When he arrived, they were both waiting expectantly. He explained the events of the previous night, and the strange glow that had come from the key at the height of the storm. Susie and Joe took it in turns to hold it. As previously, the key changed to a different colour each time someone touched it.
“Maybe it responds to the heat from our hands,” Susie suggested.
She climbed down to the stream, which had swollen to a torrent, and being careful not to get too close to the muddy water, dipped in one end of the key. It remained bright yellow, despite the water being much colder than her hand.
“It’s still warm,” she announced.
“We’re all warm,” Joe said.
“No, that’s not what I meant. Whatever this thing is... it’s generating heat. It’s warmer than my hand, even the end I dipped in the water.”
Chris was only partly listening. He started heading downstream to where the valley narrowed between steep cliffs. Between these cliffs, the stream seemed to disappear. He shaded his eyes from the glare of the sun, but still couldn’t see anything beyond a certain point. It was as though he was looking through a heat haze.
He hadn’t gone far when Susie caught up to him. “It’s getting warmer.”
“Uh…”
“The key...”
She pressed it into the palm of his hand. The heat was unmistakable. Chris turned back towards the stream. Now that they were closer to where the stream seemed to disappear, he could see a circular area that appeared blurred. They climbed over some boulders and arrived at the point where the stream narrowed. A little further on, everything, the rocks, the water and the bushes that hugged the banks of the stream,
all seemed to blur.
“Can anyone see where the stream leads?” Chris asked. He could tell from the frowns and squinting eyes that it wasn’t just his imagination. They finally stopped directly in front of some type of distortion. Ahead was a blurred area with the stream flowing through its centre.
“This is unreal,” Chris muttered under his breath.
“Awesome,” Joe agreed, drawing alongside him.
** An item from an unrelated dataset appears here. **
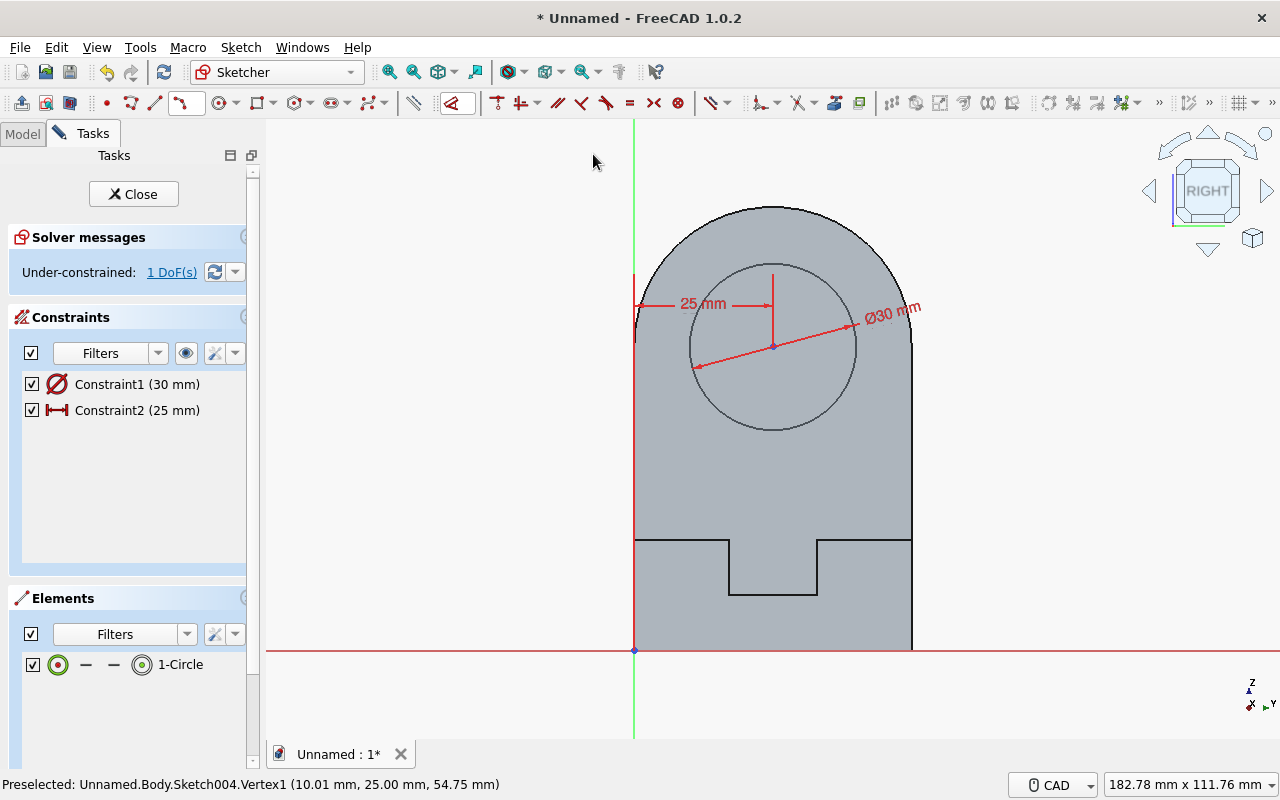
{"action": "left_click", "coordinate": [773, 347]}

The distortion started spinning. The key flew out of Chris’s hand and vanished into the blur. Suddenly they found themselves struggling against a powerful wind that threatened to suck them into a growing vortex. Chris felt himself being dragged forward as the vortex spun faster and faster, increasing the strength of the wind. As the wind increased, the stream itself appeared to lift up and funnel into the centre of the vortex. Leaves, branches of trees and even small rocks flew past him. The force continued to build until Chris felt his feet sliding on the loose gravel of the creek bed. Susie flew past and vanished, followed closely by Joe. Finally, Chris was swept up and sucked headfirst through the vortex after his friends.